If you see something like the following within the first 10-30 lines, it means the various files we placed in the step above are not where the installer wants them to be:


_mysql.c:36:23: error: my_config.h: No such file or directory
_mysql.c:38:19: error: mysql.h: No such file or directory
_mysql.c:39:26: error: mysqld_error.h: No such file or directory
_mysql.c:40:20: error: errmsg.h: No such file or directory

If you look up a few lines, you might see something like this:


building '_mysql' extension
gcc-4.0 -fno-strict-aliasing -fno-common -dynamic -g -O2 -DNDEBUG -g -O3 -arch i386 -Dversion_info=(1,2,3,'final',0) -D__version__=1.2.3 -I/Applications/MAMP/Library/include/mysql -I/Library/Frameworks/Python.framework/Versions/2.7/include/python2.7 -c _mysql.c -o build/temp.macosx-10.5-i386-2.7/_mysql.o -fno-omit-frame-pointer -D_P1003_1B_VISIBLE -DSIGNAL_WITH_VIO_CLOSE -DSIGNALS_DONT_BREAK_READ -DIGNORE_SIGHUP_SIGQUIT -DDONT_DECLARE_CXA_PURE_VIRTUAL

note how we see “/Applications/MAMP/Library/include/mysql” in there. When I quickly followed some instructions online that had all the files in /include — and not in that subdir — this error popped up. Once I changed the directory structure to match what my mysql_config wanted, the package installed perfectly.

### Ruby Gem

Assuming you’re using bundler:


bundle config build.mysql
--with-mysql-include=/Applications/MAMP/Library/include/mysql/
--with-mysql-lib=/Applications/MAMP/Library/lib
--with-mysql-config=/Applications/MAMP/Library/bin/mysql_config

and then before you do a `bundle install` , set the env vars


> export ARCHFLAGS="-arch x86_64"

or


> export ARCHFLAGS="-arch $(uname -m)"

## Test it

If things install nicely, lets make sure it works…


$ipod:~ jvanasco$ python
>>> import _mysql

Oh , crap:


Traceback (most recent call last):
File "", line 1, in
File "build/bdist.macosx-10.5-i386/egg/_mysql.py", line 7, in
File "build/bdist.macosx-10.5-i386/egg/_mysql.py", line 6, in __bootstrap__
ImportError: dlopen(/Users/jvanasco/.python-eggs/MySQL_python-1.2.3-py2.7-macosx-10.5-i386.egg-tmp/_mysql.so, 2): Library not loaded: libmysqlclient.18.dylib
Referenced from: /Users/jvanasco/.python-eggs/MySQL_python-1.2.3-py2.7-macosx-10.5-i386.egg-tmp/_mysql.so
Reason: image not found

Basically what’s happening is that as you run it, mysql_python drops a shared object in your userspace. That shared object is referencing the location that the Mysql.org distribution placed all the library files — which differs from where we placed them in MAMP.

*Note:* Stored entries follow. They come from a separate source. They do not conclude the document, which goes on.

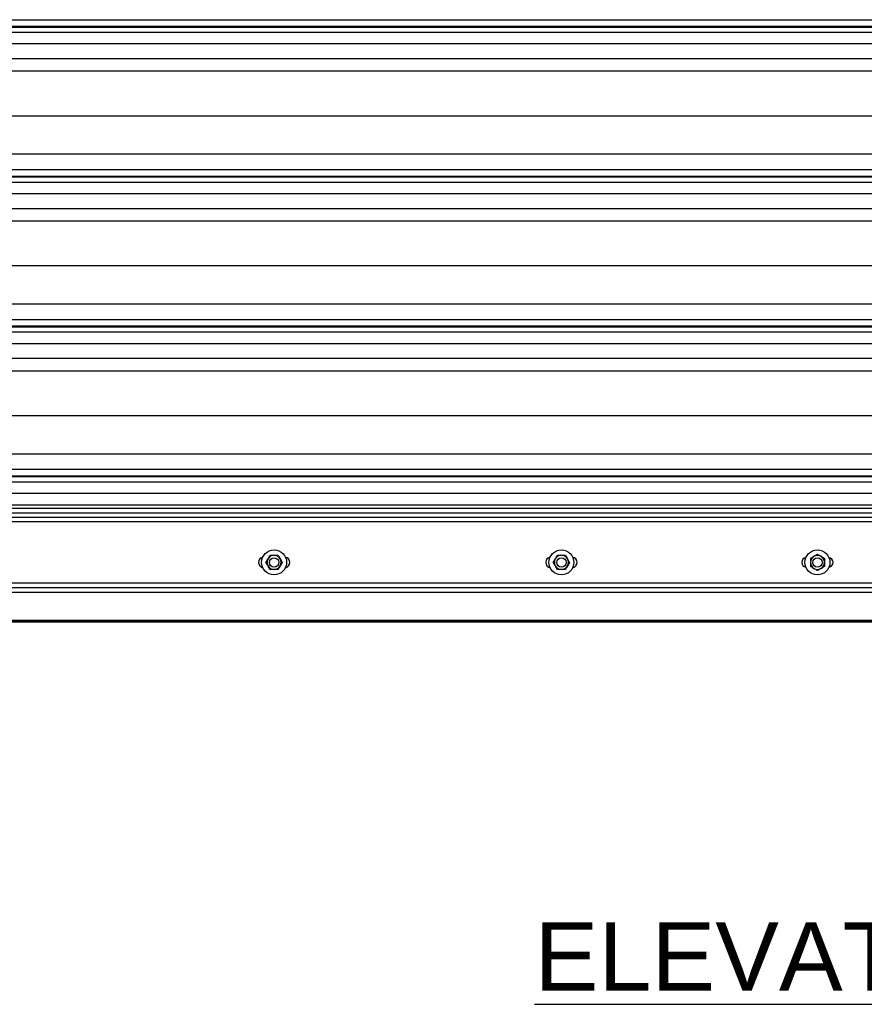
# Model space of a CAD drawing. Header units: inches. Extents: x 170 to 284, y 215 to 248.
# Tile 175 of 256: x 178.76 to 179.92, y 239.08 to 240.43. Entities that reach past the tile are written whole.
import ezdxf

# ---------------------------------------------------------------- set-up
doc = ezdxf.new("R2010")
doc.units = ezdxf.units.IN
doc.header["$LTSCALE"] = 0.25
doc.header["$MEASUREMENT"] = 0
doc.layers.add('ANNOTATIONS', color=1, linetype='Continuous')
doc.layers.add('LH BENCH MOUNT', color=7, linetype='Continuous')
doc.styles.add('ARIAL', font='arial.ttf', dxfattribs={"height": 0.09375})

msp = doc.modelspace()

# ---------------------------------------------------------------- linework, layer by layer
at = {"layer": 'LH BENCH MOUNT'}
for p, q in [((177.83703, 240.42732), (181.86935, 240.42732)), ((181.86935, 240.41784), (177.83703, 240.41784)), ((177.83703, 240.4172), (181.86935, 240.4172)), ((177.83703, 240.41018), (181.86935, 240.41018)), ((177.83703, 240.3945), (181.86935, 240.3945)), ((177.83703, 240.37411), (181.86935, 240.37411)), ((177.91358, 240.35703), (181.7928, 240.35703)), ((177.8672, 240.29564), (181.83919, 240.29564)), ((177.83703, 240.24325), (181.86935, 240.24325)), ((177.83703, 240.22188), (181.86935, 240.22188)), ((181.86935, 240.21239), (177.83703, 240.21239)), ((177.83703, 240.21175), (181.86935, 240.21175)), ((177.83703, 240.20473), (181.86935, 240.20473)), ((177.83703, 240.18905), (181.86935, 240.18905)), ((177.83703, 240.16866), (181.86935, 240.16866)), ((177.91358, 240.15158), (181.7928, 240.15158)), ((177.8672, 240.09019), (181.83919, 240.09019)), ((177.83703, 240.03781), (181.86935, 240.03781)), ((177.83703, 240.01643), (181.86935, 240.01643)), ((181.86935, 240.00694), (177.83703, 240.00694)), ((177.83703, 240.0063), (181.86935, 240.0063)), ((177.83703, 239.99928), (181.86935, 239.99928)), ((177.83703, 239.9836), (181.86935, 239.9836)), ((177.83703, 239.96321), (181.86935, 239.96321)), ((177.91358, 239.94614), (181.7928, 239.94614)), ((177.8672, 239.88474), (181.83919, 239.88474)), ((177.83703, 239.83236), (181.86935, 239.83236)), ((177.83703, 239.81098), (181.86935, 239.81098)), ((181.86935, 239.80149), (177.83703, 239.80149)), ((177.83703, 239.80086), (181.86935, 239.80086)), ((177.83703, 239.79384), (181.86935, 239.79384)), ((177.83703, 239.77815), (181.86935, 239.77815)), ((181.86935, 239.76176), (177.83703, 239.76176)), ((181.86935, 239.75718), (177.83703, 239.75718)), ((181.86935, 239.75098), (177.83703, 239.75098)), ((177.83703, 239.74537), (181.86935, 239.74537)), ((181.86935, 239.73895), (177.83703, 239.73895)), ((177.83703, 239.65549), (181.86935, 239.65549)), ((182.01039, 239.64184), (177.696, 239.64184)), ((177.82868, 239.64265), (181.87771, 239.64265)), ((177.83703, 239.64907), (181.86935, 239.64907)), ((183.78239, 239.60156), (176.04624, 239.60156)), ((182.01039, 239.60342), (177.696, 239.60342)), ((182.01039, 239.60227), (177.696, 239.60227)), ((182.01039, 239.60156), (177.696, 239.60156)), ((181.9657, 239.60343), (177.8392, 239.60343))]:
    msp.add_line(p, q, dxfattribs=at)
for centre, radius in [((179.10845, 239.68331), 0.01712), ((179.50222, 239.68331), 0.01712), ((179.85319, 239.68331), 0.01712), ((179.10845, 239.68331), 0.00642), ((179.50222, 239.68331), 0.00642), ((179.85319, 239.68331), 0.00642)]:
    msp.add_circle(centre, radius, dxfattribs=at)
for centre, radius, start, end in [((179.09454, 239.68331), 0.00749, 102.05152, 257.94848), ((179.10845, 239.68331), 0.00962, 150, 210), ((179.10845, 239.68331), 0.00962, 90, 150), ((179.10845, 239.68331), 0.00962, 30, 90), ((179.10845, 239.68331), 0.00962, 330, 30), ((179.12236, 239.68331), 0.00749, 282.05152, 77.94848), ((179.48831, 239.68331), 0.00749, 102.05152, 257.94848), ((179.50222, 239.68331), 0.00962, 150, 210), ((179.50222, 239.68331), 0.00962, 90, 150), ((179.50222, 239.68331), 0.00962, 30, 90), ((179.50222, 239.68331), 0.00962, 330, 30), ((179.51613, 239.68331), 0.00749, 282.05152, 77.94848), ((179.83821, 239.68331), 0.00642, 98.21321, 261.78679), ((179.85319, 239.68331), 0.00962, 120, 180), ((179.85319, 239.68331), 0.00962, 180, 240), ((179.85319, 239.68331), 0.00962, 60, 120), ((179.85319, 239.68331), 0.00962, 0, 60), ((179.85319, 239.68331), 0.00962, 300, 0), ((179.86817, 239.68331), 0.00642, 278.21321, 81.78679), ((179.10845, 239.68331), 0.00962, 210, 270), ((179.10845, 239.68331), 0.00962, 270, 330), ((179.50222, 239.68331), 0.00962, 210, 270), ((179.50222, 239.68331), 0.00962, 270, 330), ((179.85319, 239.68331), 0.00962, 240, 300)]:
    msp.add_arc(centre, radius, start, end, dxfattribs=at)
for points, knots in [([(179.84838, 239.69164), (179.84906, 239.69203), (179.85043, 239.69282), (179.85202, 239.69374), (179.85293, 239.69426), (179.85319, 239.69442)], [0, 0, 0, 0, 0.4057211, 0.8260994, 1, 1, 1, 1]), ([(179.85319, 239.69442), (179.85394, 239.69399), (179.85546, 239.69311), (179.85713, 239.69215), (179.85798, 239.69165), (179.85801, 239.69164)], [0, 0, 0, 0, 0.4839977, 0.9856214, 1, 1, 1, 1]), ([(179.09734, 239.68331), (179.09777, 239.68406), (179.09865, 239.68558), (179.09961, 239.68724), (179.1001, 239.68809), (179.10011, 239.68812)], [0, 0, 0, 0, 0.4839977, 0.9856214, 1, 1, 1, 1]), ([(179.10011, 239.6785), (179.09973, 239.67917), (179.09894, 239.68054), (179.09802, 239.68213), (179.09749, 239.68304), (179.09734, 239.68331)], [0, 0, 0, 0, 0.4057211, 0.8260994, 1, 1, 1, 1]), ([(179.10011, 239.68812), (179.1005, 239.68879), (179.10129, 239.69016), (179.10221, 239.69175), (179.10274, 239.69266), (179.10289, 239.69293)], [0, 0, 0, 0, 0.4057211, 0.8260994, 1, 1, 1, 1]), ([(179.10845, 239.69293), (179.10832, 239.69293), (179.10677, 239.69293), (179.10487, 239.69293), (179.10322, 239.69293), (179.10289, 239.69293)], [0, 0, 0, 0, 0.0660449, 0.8129016, 1, 1, 1, 1]), ([(179.114, 239.69293), (179.11353, 239.69293), (179.11177, 239.69293), (179.10985, 239.69293), (179.10845, 239.69293)], [0, 0, 0, 0, 0.2661568, 1, 1, 1, 1]), ([(179.114, 239.69293), (179.11443, 239.69218), (179.11531, 239.69066), (179.11627, 239.689), (179.11677, 239.68814), (179.11678, 239.68812)], [0, 0, 0, 0, 0.4839977, 0.9856214, 1, 1, 1, 1]), ([(179.11678, 239.68812), (179.11717, 239.68745), (179.11796, 239.68608), (179.11888, 239.68448), (179.1194, 239.68357), (179.11956, 239.68331)], [0, 0, 0, 0, 0.4057211, 0.8260994, 1, 1, 1, 1]), ([(179.11956, 239.68331), (179.11913, 239.68256), (179.11825, 239.68104), (179.11729, 239.67937), (179.11679, 239.67852), (179.11678, 239.6785)], [0, 0, 0, 0, 0.4839977, 0.9856214, 1, 1, 1, 1]), ([(179.49111, 239.68331), (179.49154, 239.68406), (179.49242, 239.68558), (179.49338, 239.68724), (179.49388, 239.68809), (179.49389, 239.68812)], [0, 0, 0, 0, 0.4839977, 0.9856214, 1, 1, 1, 1]), ([(179.49389, 239.6785), (179.4935, 239.67917), (179.49271, 239.68054), (179.49179, 239.68213), (179.49126, 239.68304), (179.49111, 239.68331)], [0, 0, 0, 0, 0.4057211, 0.8260994, 1, 1, 1, 1]), ([(179.49389, 239.68812), (179.49428, 239.68879), (179.49507, 239.69016), (179.49599, 239.69175), (179.49651, 239.69266), (179.49667, 239.69293)], [0, 0, 0, 0, 0.4057211, 0.8260994, 1, 1, 1, 1]), ([(179.50222, 239.69293), (179.5021, 239.69293), (179.50054, 239.69293), (179.49864, 239.69293), (179.497, 239.69293), (179.49667, 239.69293)], [0, 0, 0, 0, 0.0660449, 0.8129016, 1, 1, 1, 1]), ([(179.50778, 239.69293), (179.50731, 239.69293), (179.50554, 239.69293), (179.50363, 239.69293), (179.50222, 239.69293)], [0, 0, 0, 0, 0.2661568, 1, 1, 1, 1]), ([(179.50778, 239.69293), (179.50821, 239.69218), (179.50909, 239.69066), (179.51005, 239.689), (179.51054, 239.68814), (179.51055, 239.68812)], [0, 0, 0, 0, 0.4839977, 0.9856214, 1, 1, 1, 1]), ([(179.51055, 239.68812), (179.51094, 239.68745), (179.51173, 239.68608), (179.51265, 239.68448), (179.51318, 239.68357), (179.51333, 239.68331)], [0, 0, 0, 0, 0.4057211, 0.8260994, 1, 1, 1, 1]), ([(179.51333, 239.68331), (179.5129, 239.68256), (179.51202, 239.68104), (179.51106, 239.67937), (179.51057, 239.67852), (179.51055, 239.6785)], [0, 0, 0, 0, 0.4839977, 0.9856214, 1, 1, 1, 1]), ([(179.84357, 239.68886), (179.84432, 239.68929), (179.84584, 239.69017), (179.84751, 239.69113), (179.84836, 239.69163), (179.84838, 239.69164)], [0, 0, 0, 0, 0.4839977, 0.9856214, 1, 1, 1, 1]), ([(179.84357, 239.68886), (179.84357, 239.68839), (179.84357, 239.68663), (179.84357, 239.68471), (179.84357, 239.68331)], [0, 0, 0, 0, 0.2661568, 1, 1, 1, 1]), ([(179.84357, 239.68331), (179.84357, 239.68318), (179.84357, 239.68163), (179.84357, 239.67973), (179.84357, 239.67808), (179.84357, 239.67775)], [0, 0, 0, 0, 0.0660449, 0.8129016, 1, 1, 1, 1]), ([(179.85801, 239.69164), (179.85868, 239.69125), (179.86005, 239.69046), (179.86164, 239.68954), (179.86255, 239.68902), (179.86282, 239.68886)], [0, 0, 0, 0, 0.4057211, 0.8260994, 1, 1, 1, 1]), ([(179.86282, 239.68886), (179.86282, 239.68839), (179.86282, 239.68663), (179.86282, 239.68471), (179.86282, 239.68331)], [0, 0, 0, 0, 0.2661568, 1, 1, 1, 1]), ([(179.86282, 239.68331), (179.86282, 239.68318), (179.86282, 239.68163), (179.86282, 239.67973), (179.86282, 239.67808), (179.86282, 239.67775)], [0, 0, 0, 0, 0.0660449, 0.8129016, 1, 1, 1, 1]), ([(179.10289, 239.67369), (179.10246, 239.67443), (179.10158, 239.67596), (179.10062, 239.67762), (179.10013, 239.67847), (179.10011, 239.6785)], [0, 0, 0, 0, 0.4839977, 0.9856214, 1, 1, 1, 1]), ([(179.10845, 239.67369), (179.10832, 239.67369), (179.10677, 239.67369), (179.10487, 239.67369), (179.10322, 239.67369), (179.10289, 239.67369)], [0, 0, 0, 0, 0.0660449, 0.8129016, 1, 1, 1, 1]), ([(179.114, 239.67369), (179.11353, 239.67369), (179.11177, 239.67369), (179.10985, 239.67369), (179.10845, 239.67369)], [0, 0, 0, 0, 0.2661568, 1, 1, 1, 1]), ([(179.11678, 239.6785), (179.11639, 239.67782), (179.1156, 239.67646), (179.11468, 239.67486), (179.11416, 239.67395), (179.114, 239.67369)], [0, 0, 0, 0, 0.4057211, 0.8260994, 1, 1, 1, 1]), ([(179.49667, 239.67369), (179.49623, 239.67443), (179.49536, 239.67596), (179.4944, 239.67762), (179.4939, 239.67847), (179.49389, 239.6785)], [0, 0, 0, 0, 0.4839977, 0.9856214, 1, 1, 1, 1]), ([(179.50222, 239.67369), (179.5021, 239.67369), (179.50054, 239.67369), (179.49864, 239.67369), (179.497, 239.67369), (179.49667, 239.67369)], [0, 0, 0, 0, 0.0660449, 0.8129016, 1, 1, 1, 1]), ([(179.50778, 239.67369), (179.50731, 239.67369), (179.50554, 239.67369), (179.50363, 239.67369), (179.50222, 239.67369)], [0, 0, 0, 0, 0.2661568, 1, 1, 1, 1]), ([(179.51055, 239.6785), (179.51017, 239.67782), (179.50938, 239.67646), (179.50845, 239.67486), (179.50793, 239.67395), (179.50778, 239.67369)], [0, 0, 0, 0, 0.4057211, 0.8260994, 1, 1, 1, 1]), ([(179.84838, 239.67498), (179.84771, 239.67536), (179.84634, 239.67615), (179.84475, 239.67707), (179.84384, 239.6776), (179.84357, 239.67775)], [0, 0, 0, 0, 0.4057211, 0.8260994, 1, 1, 1, 1]), ([(179.85319, 239.6722), (179.85245, 239.67263), (179.85092, 239.67351), (179.84926, 239.67447), (179.84841, 239.67496), (179.84838, 239.67498)], [0, 0, 0, 0, 0.4839977, 0.9856214, 1, 1, 1, 1]), ([(179.85801, 239.67498), (179.85733, 239.67459), (179.85596, 239.6738), (179.85437, 239.67288), (179.85346, 239.67235), (179.85319, 239.6722)], [0, 0, 0, 0, 0.4057211, 0.8260994, 1, 1, 1, 1]), ([(179.86282, 239.67775), (179.86207, 239.67732), (179.86055, 239.67644), (179.85888, 239.67548), (179.85803, 239.67499), (179.85801, 239.67498)], [0, 0, 0, 0, 0.4839977, 0.9856214, 1, 1, 1, 1])]:
    msp.add_open_spline(points, degree=3, knots=knots, dxfattribs=at)

# ---------------------------------------------------------------- texts
at = {"layer": 'ANNOTATIONS', "insert": (179.83306, 239.18997), "char_height": 0.09375, "width": 3.0834986, "attachment_point": 2, "style": 'ARIAL'}
msp.add_mtext('{\\LELEVATION}', dxfattribs=at)

doc.saveas('drawing.dxf')

There’s a quick fix — add this to your bash profile, or run it before starting mysql/your app:

export DYLD_LIBRARY_PATH="$DYLD_LIBRARY_PATH:DYLD_LIBRARY_PATH=/Applications/MAMP/Library/lib/mysql"

# Conclusion

There are too many posts on this subject matter to thank. A lot of people posted variations of this method – to which I’m very grateful – however no one addressed troubleshooting the Python process , which is why I posted this.

I also can’t stress the simple fact that if the MAMP distribution contained the header and built library files, none of this would be necessary.